Exactly ! if the 35 was out 2 years ago it would have been under the GTROC ,just because of a team name change it cant


----------



## chrisT.O.T.B. (Feb 8, 2004)

please all note the OFFICIAL line:- there are no restrictions on ANY cars entering the event, either as part of team skyline or an invited cars. surely we have made this clear enough now.


----------



## Smokey 1 (Nov 1, 2005)

I recon with three more tries I could have got into the 50 sec bracket.
Did the 5 attempt rule stop when the que had shortened ie after 2pm, could I then of had unlimited runs to better my times?
I know I missed out having a second go at the top speed run due to time.

Thanks



Smokey :smokin:


----------



## chrisT.O.T.B. (Feb 8, 2004)

hi john 
the track was opened up after 2pm as many people had already done their 5 runs at that point. this was mentioned at the driver briefing. out of the skyline team i dont think many people actually went hard at the cct, other than maybe yourself, in comparison to how some teams approached it. the scoobys had a few cars sat on there all morning who then switched to the drag after lunch. others went the opposite way around. rcm set up their suspension for the handling , then altered it after lunch to suit drag/top speed for instance. RC Developments were leading overall uptill around 2pm having scored on all 3 events when Olly re-appeared on the drag strip to do those runs.


----------



## Adam Kindness (Jun 22, 2002)

top4 - Time Attack cars 

Thats clearly where the Skyline team needs to look for ideas.
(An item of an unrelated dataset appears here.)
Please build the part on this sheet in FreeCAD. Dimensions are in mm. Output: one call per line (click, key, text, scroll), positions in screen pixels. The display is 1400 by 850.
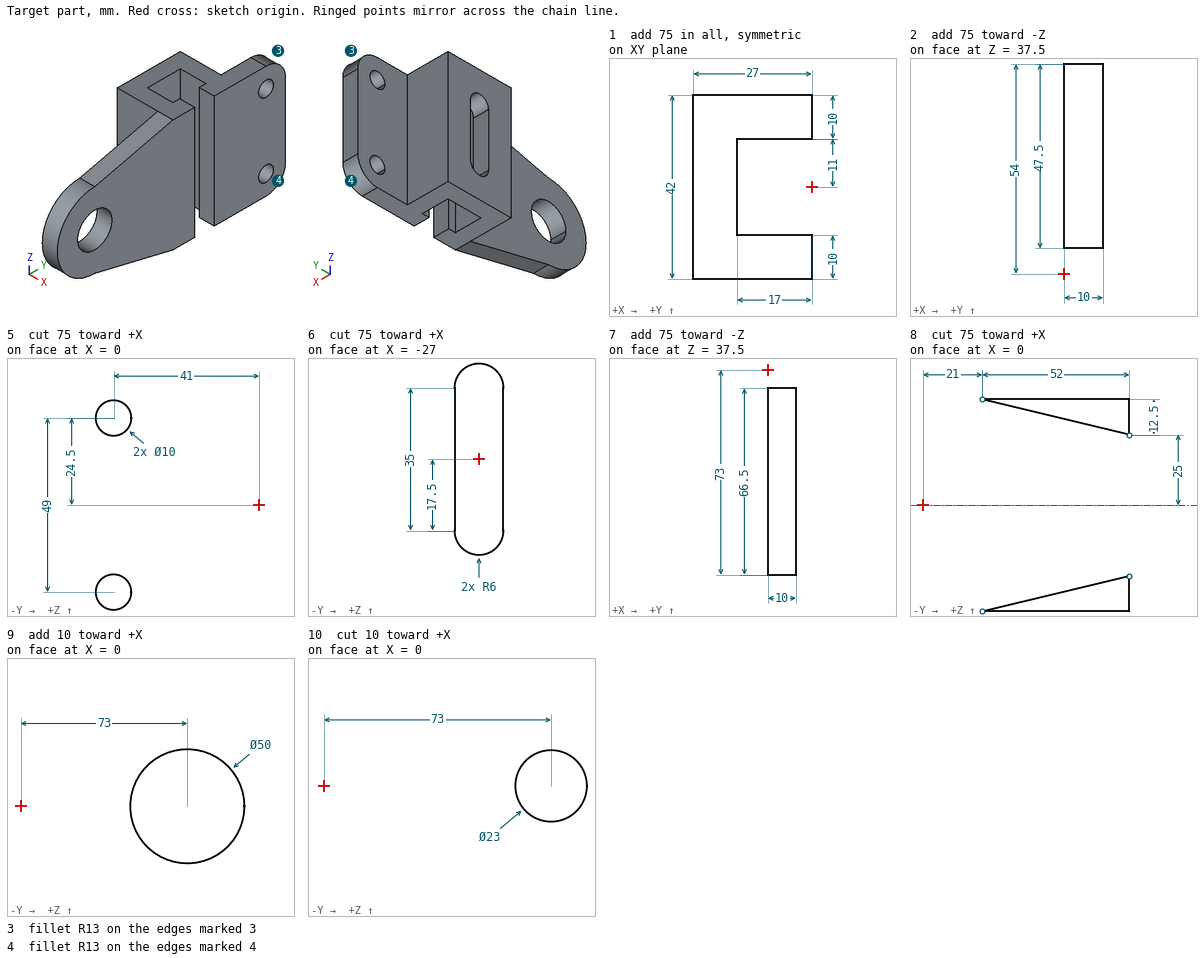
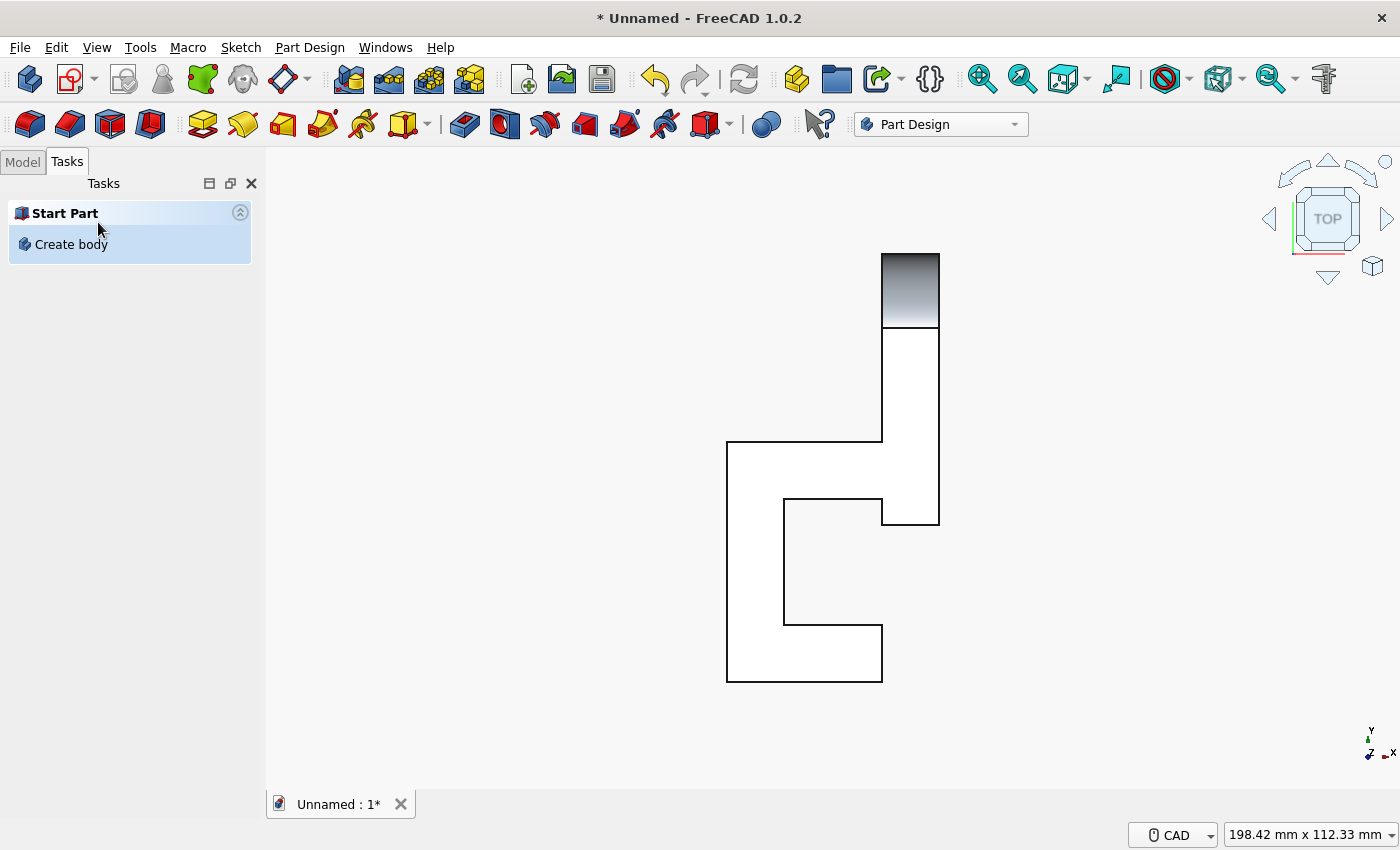
key(1)

There are prob too many cars on the team that arent capable allrounders.

The Lemon for instance... did or was it going to do the handling course?


----------



## chrisT.O.T.B. (Feb 8, 2004)

didnt run on handling as a problem occurred early on in the day :-(


----------



## chrisT.O.T.B. (Feb 8, 2004)

fair to say also the scoobies won points across all 3 events:
Club	Circuit	Flyers	Quarters Total
Team Subaru	15	14	30	59
MLR	23	14	10	47
200+ Club	17	7	6	30
Team Skyline  9	9


----------



## Adam Kindness (Jun 22, 2002)

yup.... thats why I asked 'did or was it'? Did mick plan to run it?

4 cars that would have been nice to have seen in the team.....

RK
Darren Bly (smashed  )
Shane Smith
Mark Biggars


But i suspect they had there reasons for not entering or other commitments.


----------



## Mookistar (Feb 5, 2004)

the top cars on the list are lightweight or rally cars.

the Skylines are neither of these. I think we just have to admit the event has evoled in a direction the Skylines can't expect to dominate.

just to clarify Chris point about the 35, if ive got it right, theam names are just that. best example would be 200+ club. any marque and make.

so, in theory, Conrad could come along in his Noble and fly under the GTR banner.

Mook


----------



## Fuggles (Jul 3, 2001)

So for next year then I think we should try and see if Simon Norris is willing to join the Skyline Team I also think we should talk to Dunca Cowper as his Dax always does well. And while we're at it there are a few people on here with GT3s and similar perhaps they should be part of Team Skyline. Maybe Harry would be interested in adding his weight to the team then?


----------



## Smokey 1 (Nov 1, 2005)

I think it is safe to say Mick in the Lemon would have achieved his aim at the top speed but due to engine damage never got chance. Also in the 1/4 mile would have run close to Olly's time. He was planning to run on the handling circuit.
With all respect to the four cars you mentioned Adam I don't think one of them could have beaten Olly all round or Mick on the 1/4 mile or top speed.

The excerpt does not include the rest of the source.